Margaret Atwood

Night Poem - Analysis

A lullaby that keeps turning into a haunting

The poem begins by offering comfort, but its deepest claim is more unsettling: the night’s fear can’t be banished by explanation, only renamed. What starts as a soothing dismissal—nothing to be afraid of, only the wind—quickly becomes a myth-making exercise where weather turns into family: your father the thunder, your mother the rain. The speaker tries to domesticate the dark by giving it parents, as if the child could relax if the unknown had a familiar face. Yet the poem keeps slipping: each reassurance opens into a stranger, wetter world where ordinary categories (parent/stranger, shadow/self, safety/danger) won’t hold.

The country of water: a landscape that erases identity

Atwood places the child in a distinctly saturated terrain: this country of water, a phrase that feels both geographic and psychological. The beige moon is damp as a mushroom, an image that makes the sky itself seem earthy, soft, and slightly decayed. The details—drowned stumps, long birds that swim, moss growing on all sides—create a world where up and down blur, where boundaries rot and drift. Even the self is unstable: your shadow is not your shadow but a reflection. In water, you don’t get a solid outline; you get a wavering double. The poem’s fear isn’t a monster in the room so much as the loss of a fixed, reliable self.

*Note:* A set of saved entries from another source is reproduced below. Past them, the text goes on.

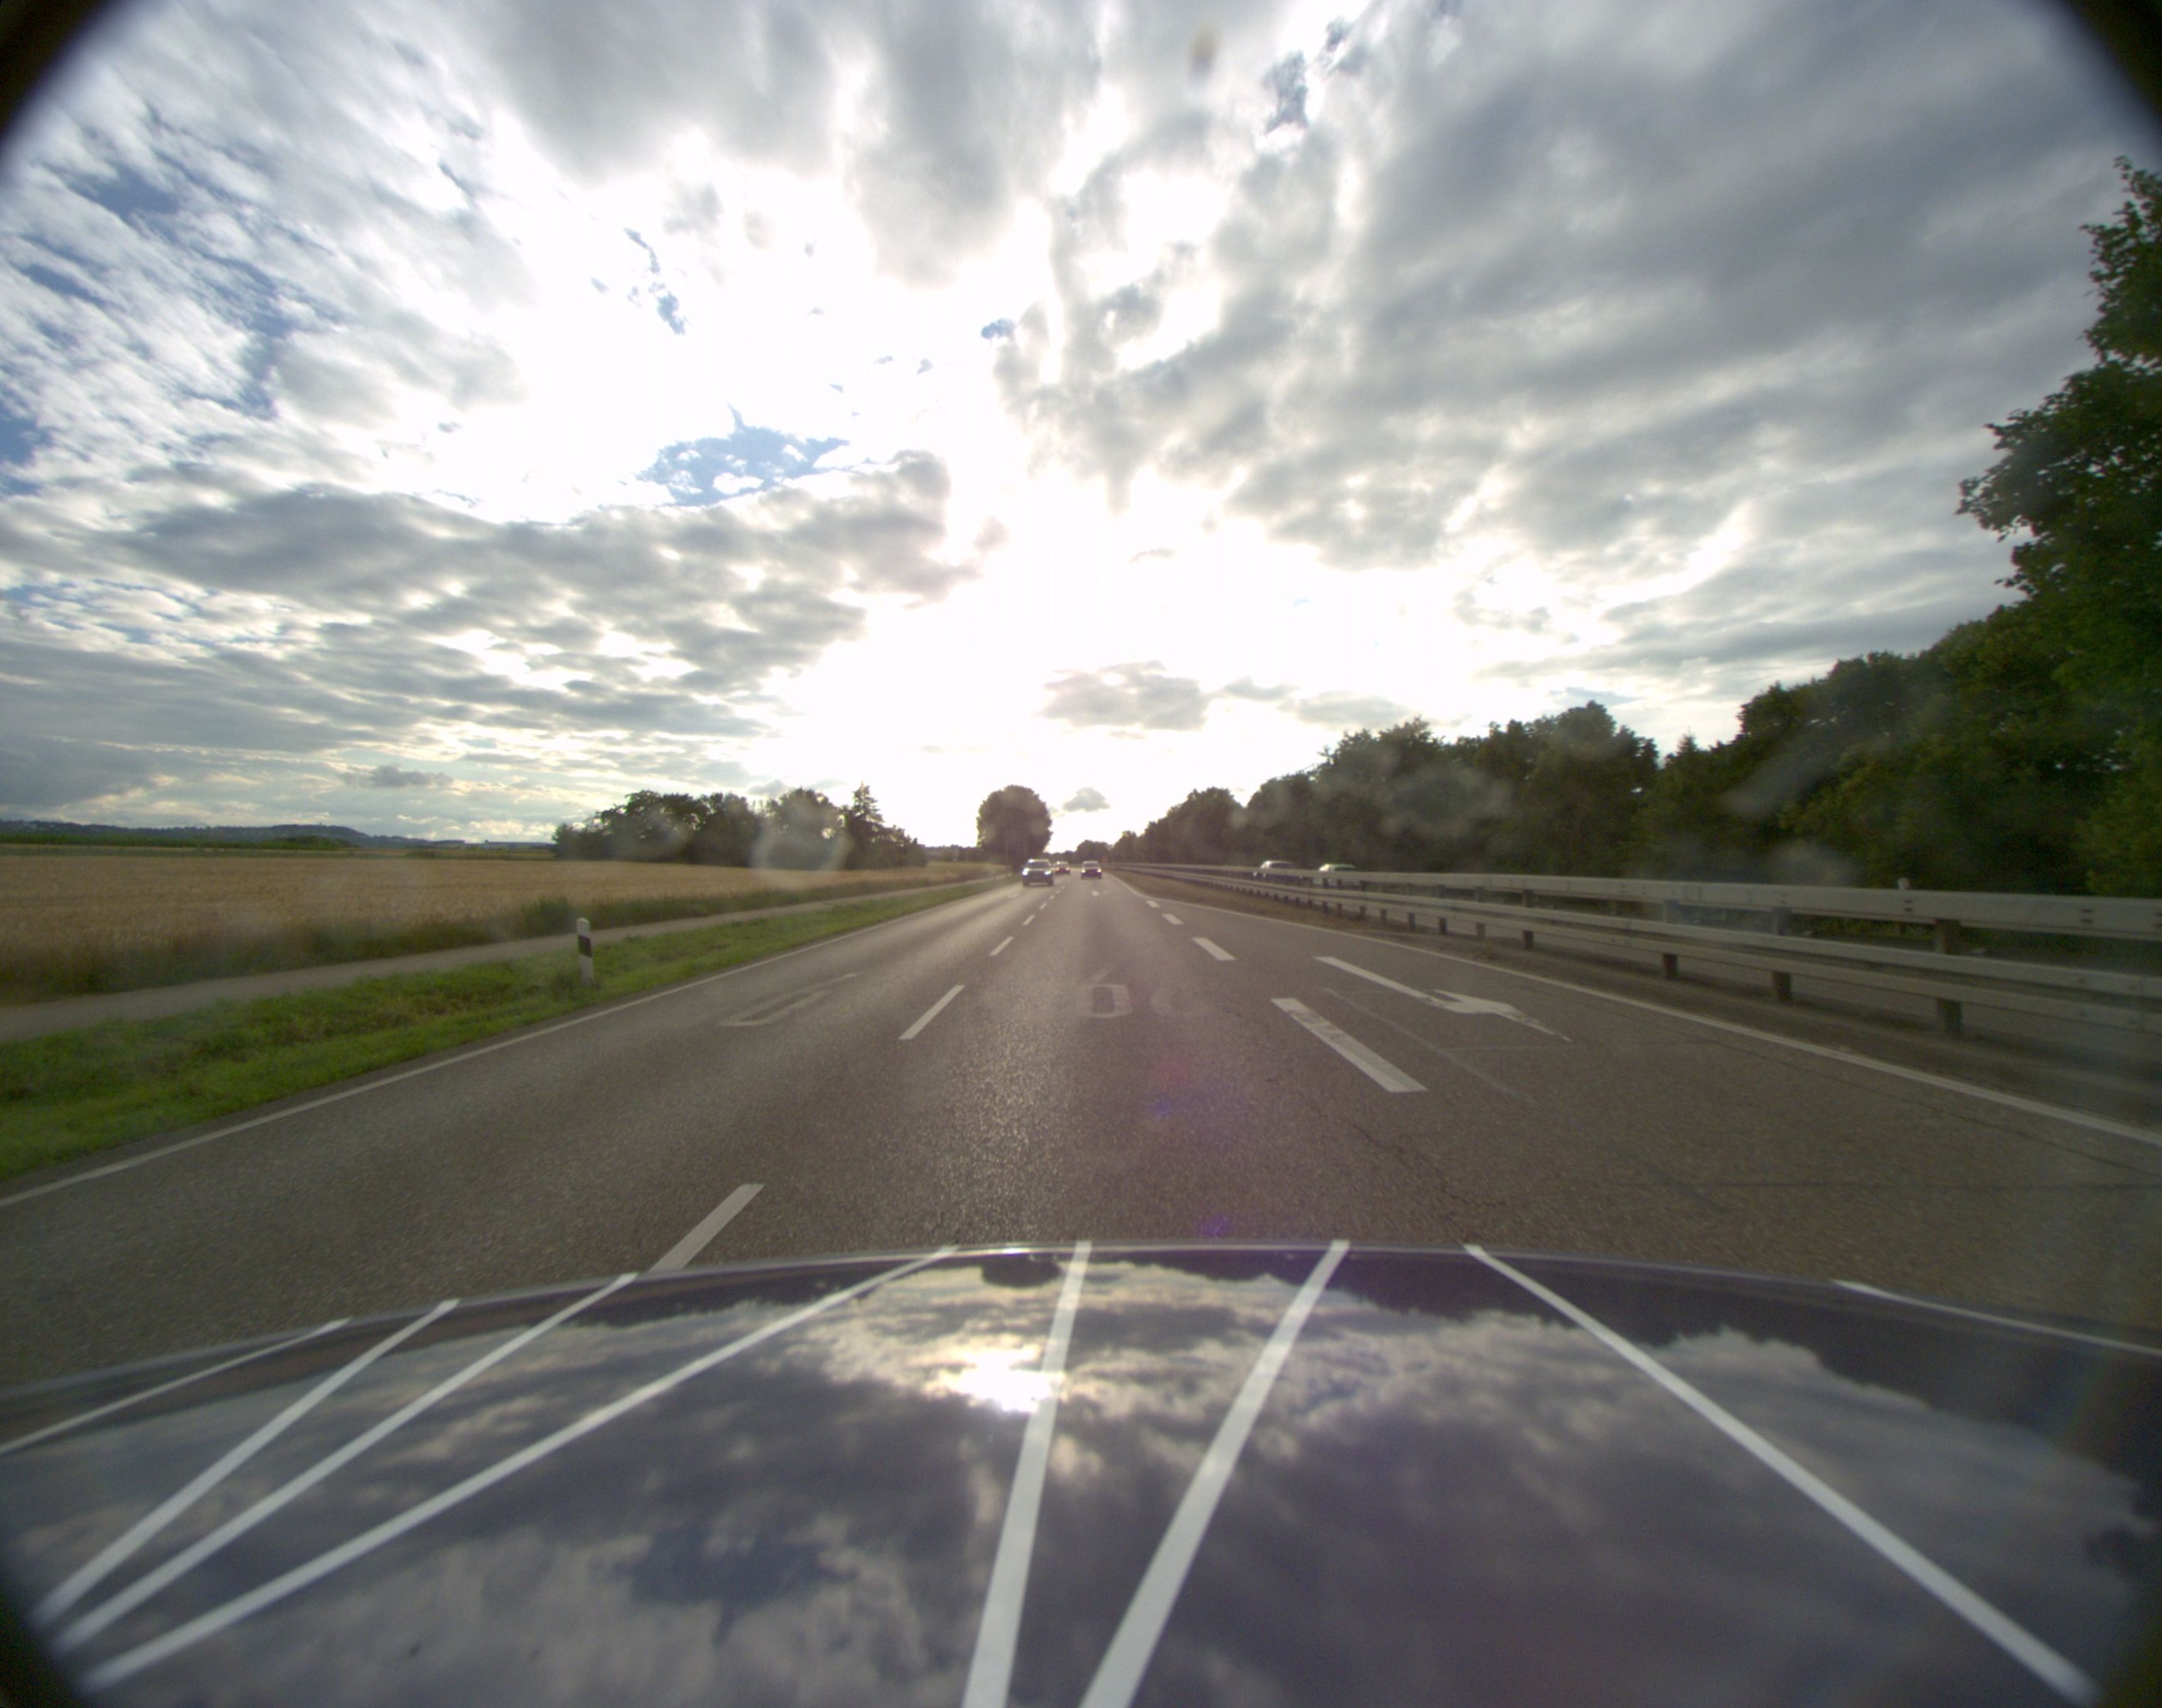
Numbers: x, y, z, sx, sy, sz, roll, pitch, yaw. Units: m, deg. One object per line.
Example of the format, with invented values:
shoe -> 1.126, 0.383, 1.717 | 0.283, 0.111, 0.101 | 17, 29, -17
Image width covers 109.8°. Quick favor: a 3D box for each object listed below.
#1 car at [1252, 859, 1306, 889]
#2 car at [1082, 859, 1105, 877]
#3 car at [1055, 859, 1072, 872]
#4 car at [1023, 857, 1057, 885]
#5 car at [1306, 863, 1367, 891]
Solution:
car -> 9.954, 0.995, 38.523 | 1.773, 1.459, 3.712 | 0, 0, 0
car -> 1.031, 1.141, 63.588 | 1.775, 1.388, 4.000 | -1, 0, -1
car -> -1.999, 1.274, 88.194 | 1.823, 1.409, 4.000 | -1, 0, 0
car -> -2.583, 1.057, 49.057 | 1.863, 1.636, 4.000 | -1, 0, 1
car -> 13.540, 1.175, 40.583 | 1.763, 1.404, 4.459 | 0, 0, 0

When the curtain closes, the real parents vanish

The poem’s first real turn arrives with the door and the curtain: your true parents disappear when the curtain covers your door. This is a child’s nightly fact made cosmic. The curtain doesn’t just block light; it replaces one order of reality with another. The earlier parent-images (thunder, rain) now feel like a transitional story told at bedtime, because once the door is covered, the poem insists on a different family arrangement. The tension sharpens: the child is protected by love, yet also exposed to something older, colder, and more impersonal than love.

The others as caretakers and intruders

We are the others is a chilling line because it’s both an introduction and a claim of intimacy. These figures come from under the lake, carrying the poem’s water-world into the bedroom. They stand silently beside your bed with heads of darkness—not faces, not expressions, just the substance of night itself. And yet they also perform gestures of care: they have come to cover you with red wool, a warm, domestic material that should belong to human hands. The contradiction is deliberate and unresolved: comfort arrives in the same shape as threat. Even their tenderness is unsettling—our tears, distant whispers—because it suggests a sorrow that precedes the child and can’t be explained away like wind direction.

Sleep as an ark, and the strange family that waits

The child is rocked in the rain’s arms, as if the mother-image returns, but now it is elemental rather than personal. Sleep becomes the chilly ark: a shelter that floats, temporary and cold, built for surviving a flood rather than enjoying rest. Meanwhile the speakers call themselves your night father and mother, claiming the parental role that the true parents have lost once the curtain falls. Their tools are grimly inadequate: cold hands and a dead flashlight. A flashlight should cut through darkness; a dead one only confirms it. The poem keeps insisting that night-care is real, but also that it is made of failure and limit.

One candle, twenty years: the fear that becomes an echo

In the final movement, the poem reveals what these others truly are: only wavering shadows thrown by one candle. The supernatural presence collapses into a physical cause, but it doesn’t become harmless. The candle explains the shadows without dispelling their power; in fact, the explanation makes the haunting more intimate, because it locates the terror inside the room, inside perception itself. The closing promise—this echo you will hear twenty years later—stretches the bedtime scene into adulthood. The poem suggests that what a child learns at night is not simply fear of darkness, but fear of how easily the mind manufactures parents, ghosts, and meanings out of a small, trembling light.

The hardest thought the poem won’t quite say

If these figures are only candle-shadows, why do they speak in tears and distant whispers, and why do they sound so certain about the future? The poem seems to imply that the child’s imagination is not a private toy but a doorway: once the curtain closes, something in you starts practicing the voices you’ll live with later. What’s frightening isn’t that the bedroom contains spirits; it’s that your own systems of comfort can become the machinery of haunting.